Structuring Unstructured Data: Tokenization, NER & Networks

In the last lesson, we used Pandas string methods to do some initial exploration of the novel texts in our combined dataset — counting characters, searching for patterns, and comparing pronoun frequencies across genres. These methods are fast and useful, but they treat text as a raw sequence of characters rather than as language.

Today we go a step further. We’ll look at what it actually means to structure unstructured text data, starting with the foundational concept of tokenization, then moving to Named Entity Recognition (NER) to extract meaningful entities from our novels, and finally using those entities to build a network that captures relationships between characters across our corpus.


From Structured to Unstructured Data

When we looked at the Top 500 Novels dataset, most of the columns were already structured: genres, rankings, publication years. We could group, filter, and plot them directly. But now that we have the full text of each novel in our eng_text column, we have unstructured data — text that is not easily searchable or analyzable without additional processing.

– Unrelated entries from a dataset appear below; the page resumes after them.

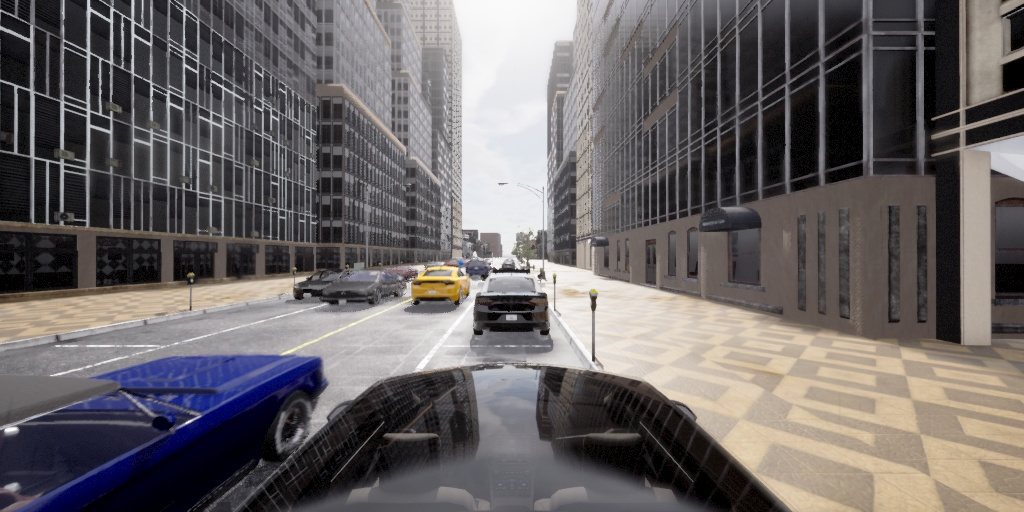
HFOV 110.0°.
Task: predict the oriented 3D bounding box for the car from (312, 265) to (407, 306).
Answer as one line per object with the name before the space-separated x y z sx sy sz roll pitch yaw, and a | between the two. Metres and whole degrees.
car | -6.246 1.296 15.880 2.033 1.411 5.357 0 0 0

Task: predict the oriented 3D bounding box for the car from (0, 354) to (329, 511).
car | -3.046 1.350 2.016 1.895 1.301 4.718 0 0 0

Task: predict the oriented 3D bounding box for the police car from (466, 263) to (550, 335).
police car | -0.012 1.174 10.609 1.930 1.638 5.238 0 0 0

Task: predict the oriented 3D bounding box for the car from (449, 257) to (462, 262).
car | -8.836 1.273 51.803 1.888 1.381 4.507 0 0 0

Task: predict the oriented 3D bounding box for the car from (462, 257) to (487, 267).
car | -3.145 1.092 33.841 2.097 1.767 4.553 0 0 0

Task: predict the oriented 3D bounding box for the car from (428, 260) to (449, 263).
car | -8.836 1.286 40.419 2.007 1.370 4.403 0 0 0

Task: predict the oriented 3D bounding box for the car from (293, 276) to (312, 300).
car | -8.836 1.313 17.650 1.948 1.339 4.313 0 0 0

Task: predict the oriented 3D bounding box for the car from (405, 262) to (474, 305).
car | -3.045 1.225 16.157 1.882 1.535 5.008 0 0 0

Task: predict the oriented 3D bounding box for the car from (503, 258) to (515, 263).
car | -0.455 1.298 46.099 1.948 1.339 4.313 0 0 0
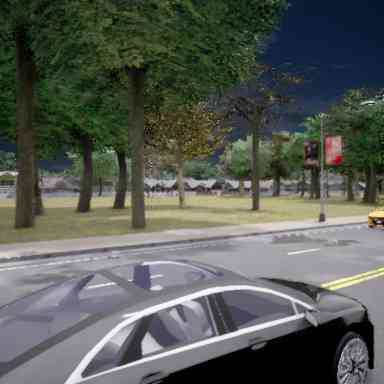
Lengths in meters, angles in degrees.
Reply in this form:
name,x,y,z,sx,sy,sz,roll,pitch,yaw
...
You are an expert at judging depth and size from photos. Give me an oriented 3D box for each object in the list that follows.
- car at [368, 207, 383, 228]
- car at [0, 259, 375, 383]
name,x,y,z,sx,sy,sz,roll,pitch,yaw
car,13.011,1.485,20.956,5.008,1.535,1.882,0,0,-35
car,0.011,1.493,3.448,4.902,1.511,2.128,0,0,-36
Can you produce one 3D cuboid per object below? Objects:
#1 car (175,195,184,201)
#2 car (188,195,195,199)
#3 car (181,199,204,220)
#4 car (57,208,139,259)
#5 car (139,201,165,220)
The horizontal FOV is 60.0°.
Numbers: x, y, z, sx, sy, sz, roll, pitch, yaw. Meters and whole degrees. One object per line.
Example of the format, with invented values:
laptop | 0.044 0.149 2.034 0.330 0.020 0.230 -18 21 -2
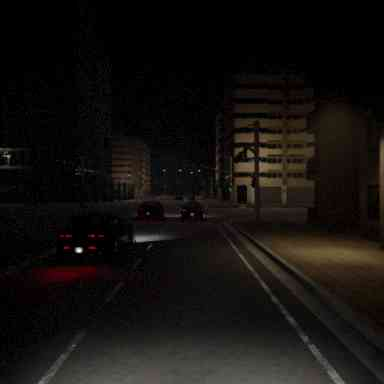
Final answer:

The challenge of structuring cultural data like this sits at the heart of several overlapping fields:

Rather than trying to define all of text analysis at once, it’s helpful to make a key distinction between two fundamental goals:

Information Retrieval (IR) first developed in the 1950s and 1960s (think Vannevar Bush and the Memex!) and its goal is to find relevant documents for a user’s needs or queries. IR doesn’t necessarily require understanding the content of documents — it can treat them as a “bag of words” and find patterns in word frequencies.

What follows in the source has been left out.